Millions of Californians on hook for Delta tunnels“Water districts and households across California could be compelled to help pay for Gov. Jerry Brown’s plans to build two giant tunnels to ferry water to cities and farms mainly in central and Southern California, under newly disclosed plans to shore up funding for the struggling $16 billion project.  The tougher state funding demands pivot from longstanding state and federal assurances that only local water districts that actively seek to take part in the mega-project would have to pay for the twin tunnels, the most ambitious re-engineering of California’s complex north-to-south water system in more than a half-century. ... ”  Read more from the AP via the Sun Herald here:  Millions of Californians on hook for Delta tunnels

Will the Southland wind up holding much of the $17-billion bill for Delta water tunnels?  “Some of the state’s biggest water districts are about to make their opening moves in a financial chess game that ultimately could saddle the Southland with much of the bill for re-engineering the failing heart of California’s water system.  In coming weeks, the districts are expected to decide if they want to sign on to California WaterFix — a long-planned proposal to construct two massive tunnels that would change the way water supplies move through the Sacramento-San Joaquin Delta. ... ”  Read more from the LA Times here:  Will the Southland wind up holding much of the $17-billion bill for Delta water tunnels?

FLOOD MANAGEMENT

What California and the West can learn from the recent catastrophic floods:  “In the wake of hurricanes Harvey and Irma, large sections of southeast Texas and southern Florida were underwater.

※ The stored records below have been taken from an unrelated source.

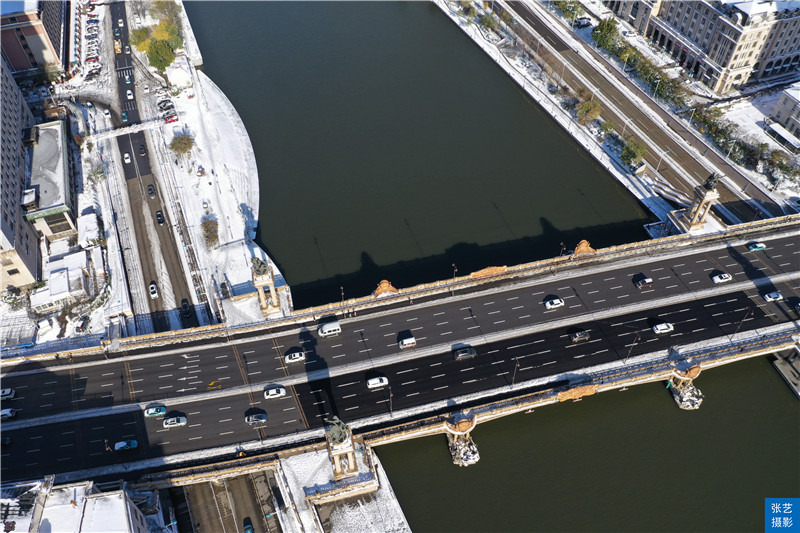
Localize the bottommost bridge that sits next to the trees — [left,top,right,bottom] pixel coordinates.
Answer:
[0,202,800,533]
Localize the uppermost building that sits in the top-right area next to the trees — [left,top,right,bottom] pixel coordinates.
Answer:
[604,0,800,92]
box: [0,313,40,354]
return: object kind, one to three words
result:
building
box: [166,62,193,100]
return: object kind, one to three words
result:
building

The massive flooding has claimed the lives of more than 100 people, and AccuWeather predicts that the economic cost of the two storms will be almost $300 billion.  Right now, California may be dealing with more fire than flood, but there are still important lessons that the state can learn from Harvey and Irma, says Nicholas Pinter, the associate director of the Center for Watershed Sciences at the University of California, Davis. In fact, says Pinter, there are lessons that the Western United States should learn from flood management around the country, and the world.  Water Deeply spoke with Pinter about lessons that he has learned from his work on flood management in other states and countries, how it can apply to California and his concerns about the future of the National Flood Insurance Program. … ”  Read more from Water Deeply here:  What California and the West can learn from the recent catastrophic floods

SEA LEVEL RISE

Californians must change thinking to meet the challenge of rising seas, says author:  “The repeated scenes of flooded streets and half-submerged homes this month have literally brought the issue of rising seas home to millions of people along the Gulf and Atlantic Coasts. The threat is no less real here on the West Coast, as  marine scientist Gary Griggs points out in his new book, “Coasts in Crisis: A Global Challenge.”  Griggs, who for 26 years, headed the UC Santa Cruz Institute of Marine Sciences, has advised state and local governments in California to plan for 6 inches of sea rise by 2030, 12 inches by 2050, and 36 inches (3 feet) by 2100.  Griggs  spoke with KQED Science Editor Craig Miller. … ”  Read more from KQED here: Californians must change thinking to meet the challenge of rising seas

‘Fingerprinting’ the ocean to predict devastating sea level rise:  “Scientists are “fingerprinting” sea level rise around the world in an effort to identify coastal areas most at risk from devastating storm surge, as hurricanes grow increasingly destructive.  Warming ocean temperatures due to climate change can fuel more powerful storms. Hurricane-force winds push water onto land, putting lives and property at risk while rising sea levels in coastal areas have magnified the impact of such storm surge. Now a new study published in the journal Geophysical Research Letters verifies the accuracy of a satellite-based monitoring tool called “sea level fingerprinting.” The technology detects varying patterns in regional sea levels, which can be used for predicting how climate change will affect future storm surge in flood-prone coastal areas. ... ”  Read more from Water Deeply here:  ‘Fingerprinting’ the ocean to predict devastating sea level rise

OROVILLE DAM

Oroville Dam: What exactly will be done by October 1st?  “Repairs to the Oroville Dam spillway are on track for the Nov. 1 deadline, state Department of Water Resources representatives say, but work will be far from over then.  The November deadline was set in the hopes of beating the start of the area’s typical rainy season. The spillway will be functional by then, able to pass flows of 100,000 cubic-feet per second, or cfs, according to DWR’s plans, but the structure will have a higher capacity when the redesign is complete. … ”  Read more from the San Jose Mercury News here:  Oroville Dam: What exactly will be done by October 1st? 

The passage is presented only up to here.